**Exercise details:**
If a line in the records below holds the string "matte", count it; give only the total.

**Data for this task:**
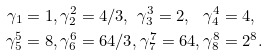<formula> <loc_0><loc_0><loc_500><loc_500>\gamma _ { 1 } & = 1 , \gamma _ { 2 } ^ { 2 } = 4 / 3 , \text { } \gamma _ { 3 } ^ { 3 } = 2 , \text { } \text { } \gamma _ { 4 } ^ { 4 } = 4 , \\ \gamma _ { 5 } ^ { 5 } & = 8 , \gamma _ { 6 } ^ { 6 } = 6 4 / 3 , \gamma _ { 7 } ^ { 7 } = 6 4 , \gamma _ { 8 } ^ { 8 } = 2 ^ { 8 } .</formula> 
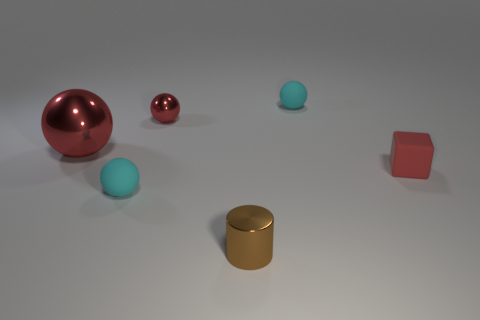Do the large red shiny object and the tiny brown object have the same shape?
Offer a very short reply. No. How many other things are the same shape as the large thing?
Your answer should be very brief. 3. There is a metallic sphere that is behind the large sphere; what color is it?
Offer a terse response. Red. Is the size of the brown shiny object the same as the red matte thing?
Offer a very short reply. Yes. There is a tiny cyan object that is in front of the tiny shiny object that is behind the tiny red rubber thing; what is its material?
Make the answer very short. Rubber. How many matte cubes are the same color as the large ball?
Your answer should be compact. 1. Are there any other things that are the same material as the big sphere?
Your response must be concise. Yes. Is the number of tiny metal spheres to the right of the tiny brown object less than the number of big gray shiny spheres?
Offer a terse response. No. The small matte thing to the right of the tiny cyan sphere that is to the right of the metal cylinder is what color?
Offer a very short reply. Red. How big is the cyan matte object left of the tiny rubber sphere that is behind the tiny red thing on the left side of the red matte cube?
Provide a short and direct response. Small. 
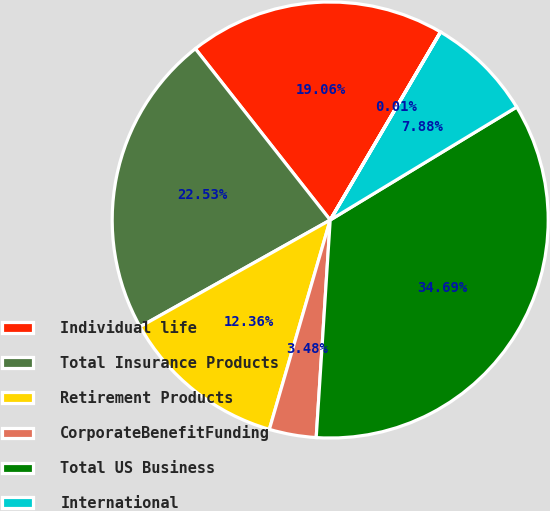<chart> <loc_0><loc_0><loc_500><loc_500><pie_chart><fcel>Individual life<fcel>Total Insurance Products<fcel>Retirement Products<fcel>CorporateBenefitFunding<fcel>Total US Business<fcel>International<fcel>BankingCorporate&Other<nl><fcel>19.06%<fcel>22.53%<fcel>12.36%<fcel>3.48%<fcel>34.7%<fcel>7.88%<fcel>0.01%<nl></chart> 
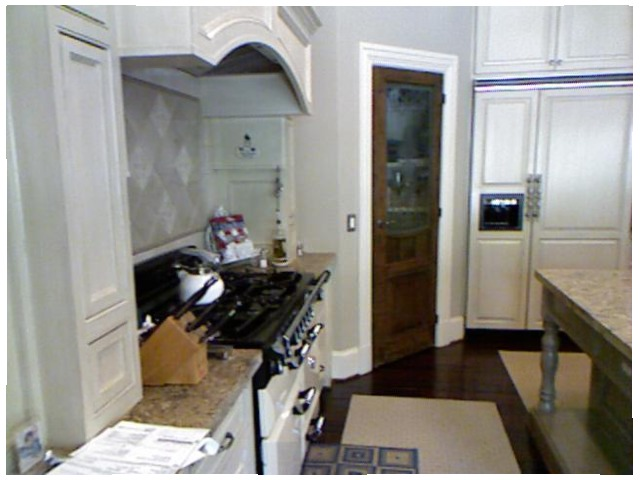<image>
Is there a knife block on the paper? No. The knife block is not positioned on the paper. They may be near each other, but the knife block is not supported by or resting on top of the paper. Is the door to the left of the white door? Yes. From this viewpoint, the door is positioned to the left side relative to the white door. 
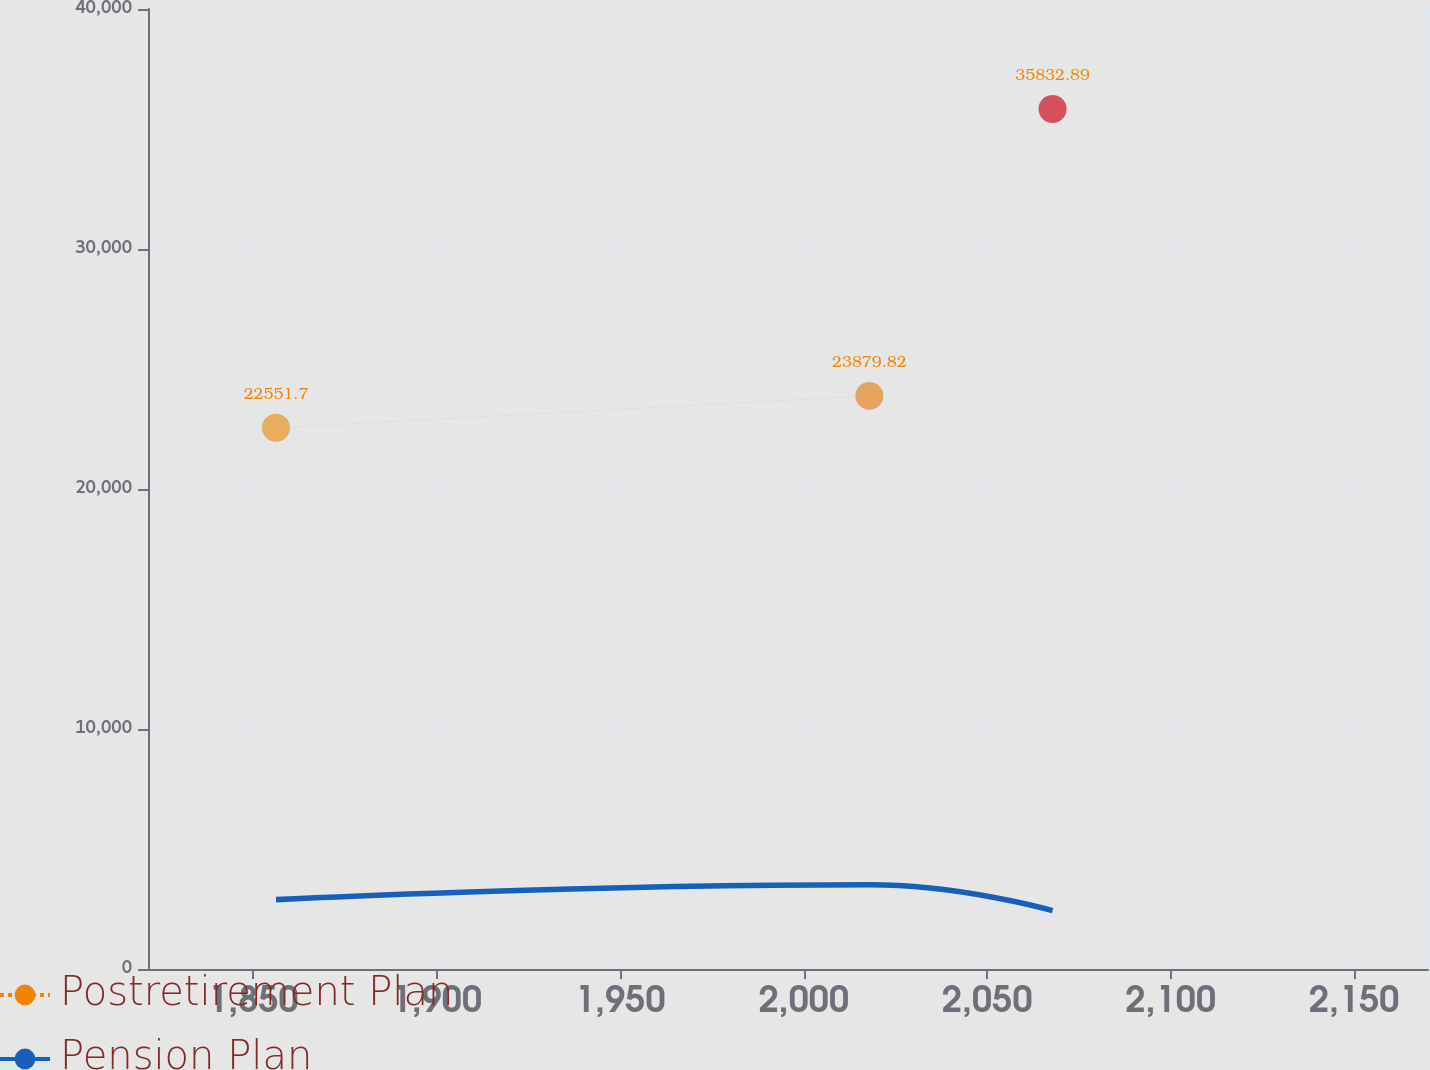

**Problem solution:**
4